夕張は札幌から列車で2時間か3時間くらいの炭鉱町だ。
朝鮮戦争から始まる日本の経済成長の中で、国はエネルギー源である石炭の増産を叫んでいた。
多くの炭鉱が存在する夕張も、時代の波に乗って10万人の人口を誇る都市となっていた。

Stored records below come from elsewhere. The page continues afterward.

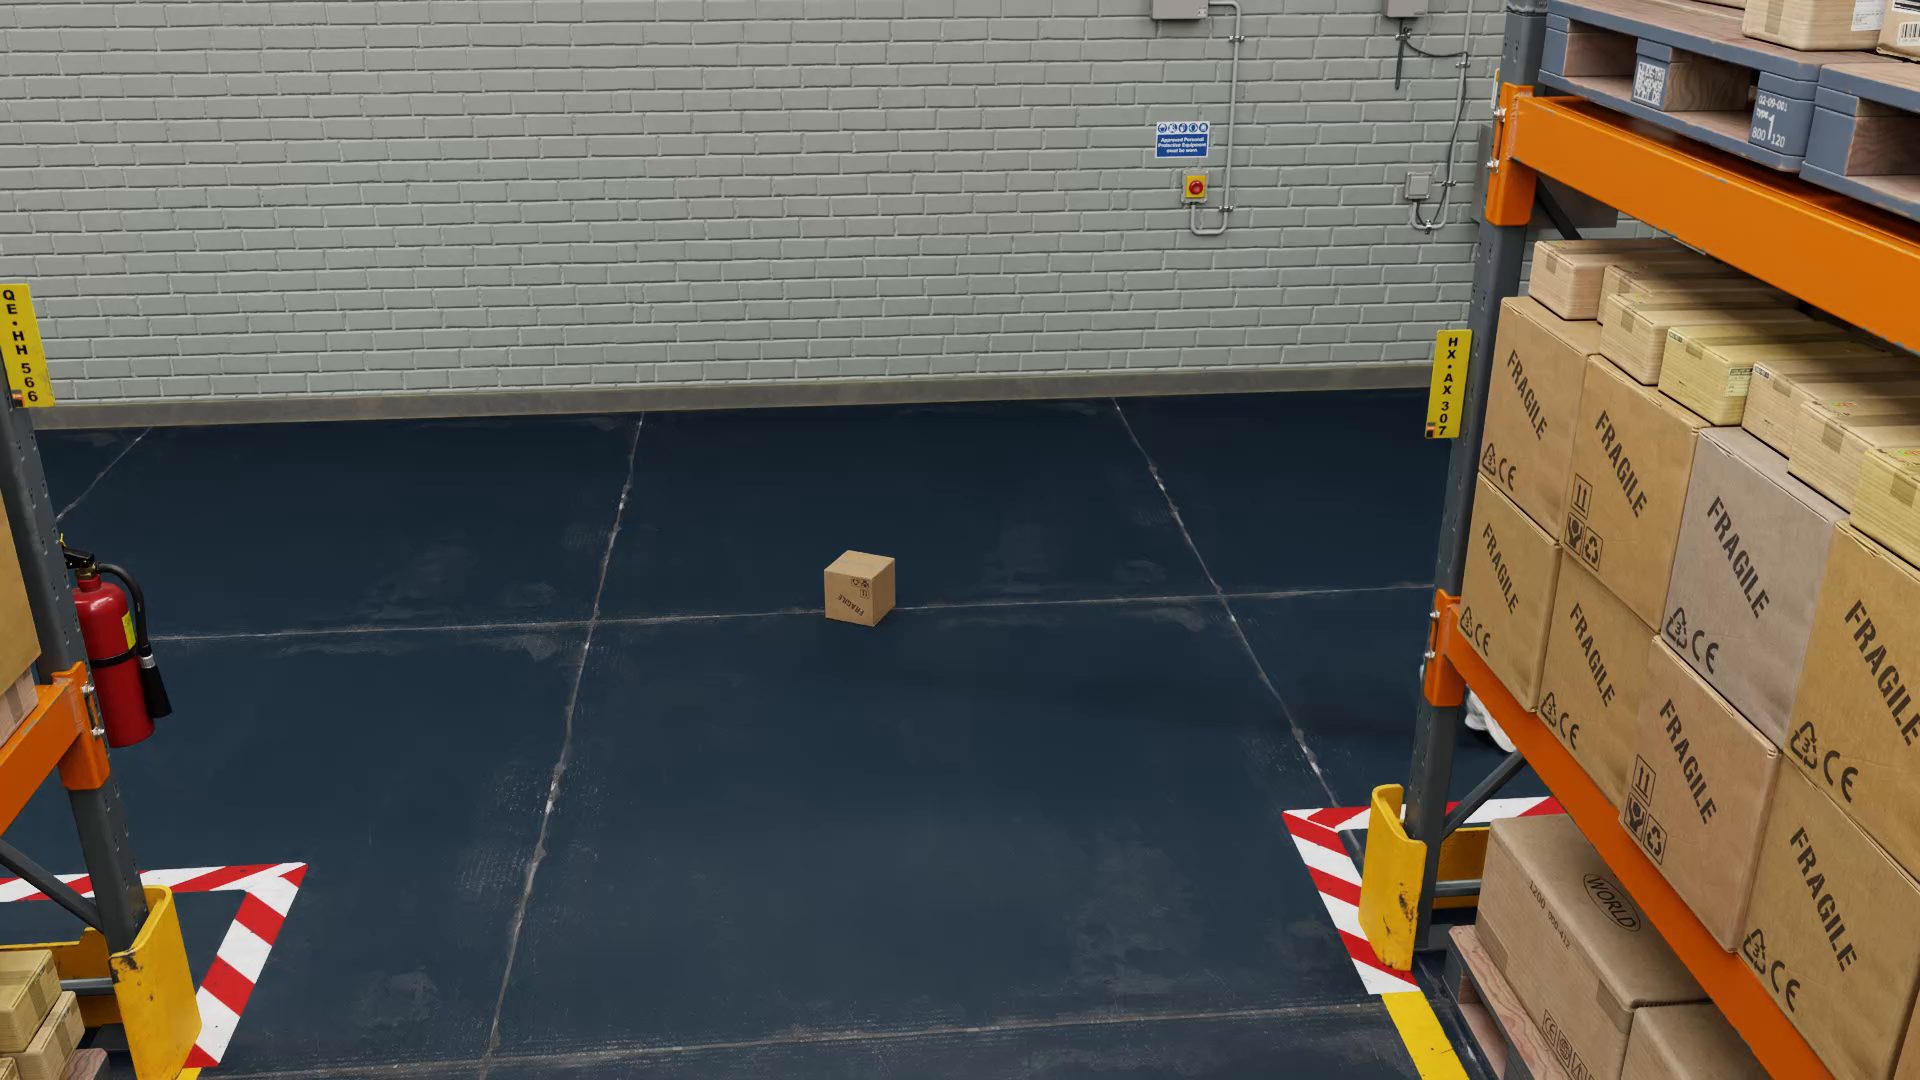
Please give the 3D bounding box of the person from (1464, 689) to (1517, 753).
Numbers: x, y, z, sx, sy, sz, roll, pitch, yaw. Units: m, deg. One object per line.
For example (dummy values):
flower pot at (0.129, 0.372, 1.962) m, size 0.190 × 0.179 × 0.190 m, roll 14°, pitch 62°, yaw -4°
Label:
person at (2.259, 0.038, 6.470) m, size 0.459 × 1.673 × 0.472 m, roll 6°, pitch 24°, yaw 13°
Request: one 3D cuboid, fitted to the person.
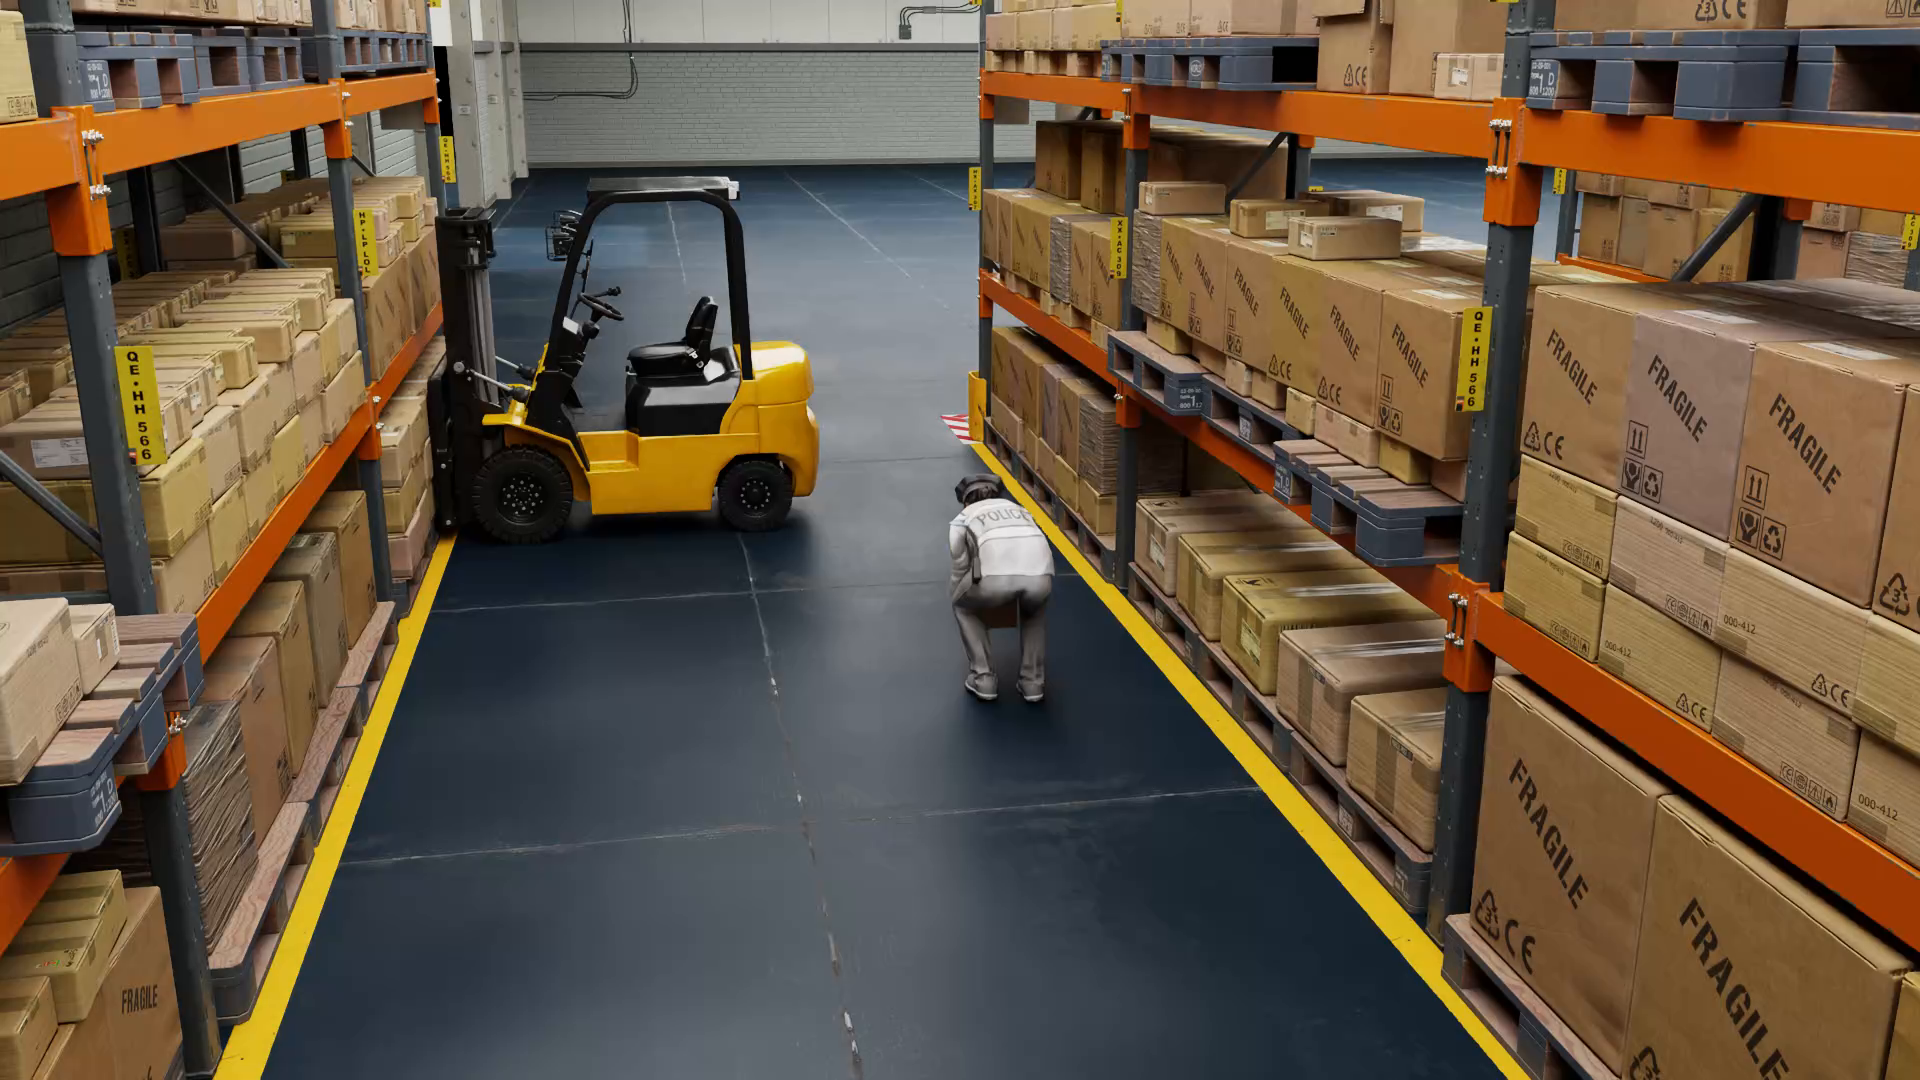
[{"bbox_3d":[0.187,0.229,7.973,0.456,0.982,0.914,-3,17,-11],"label":"person"}]

そんな街の一角にある炭鉱住宅に京子が住んでいるらしかった。
結婚して青葉という姓を名乗って。
「青葉…、ここだな。」
表札を確認した時雨の目の前でいきなり引き戸が開き、買い物かごを持った中年の女が出てきた。
「京子さんですよね。」
「はい…、そうですけど。」
時雨は、やっとたどり着いたという安堵の表情を浮かべながらさらに問いかけた。
「やっぱりそうでしたか。あの、樺太の真岡郵便局でのことを聞きたいのですが、九人の乙女の。そうだ、私、道都新聞の時雨と言います。」
その言葉を聞いて、女の顔がみるみるうちに険しいものとなっていった。
「知りません、樺太なんて。人違いです。」
「そんなはずはないですよ。小樽の高波医院のお医者さんから聞いてここに来たんですよ。」
「ですから人違いです、警察を呼びますよ!」
怒りを含んだ激しい言葉を投げつけながら、女はその場から足早に立ち去ろうとした。
「京子さん、待ってください!」
女を引き止めようと時雨は必死に彼女の背中へ言葉を投げかけた。
「来月、亡くなった電話交換手の法要が札幌であるんですよ!」
「磯風ハナエさん、知ってますよね!」
女は決して振り返ることはなかった。
しかし、その背中からは何かを訴えたいような、何かを叫びたいような、そんな雰囲気を時雨は感じ取っていた。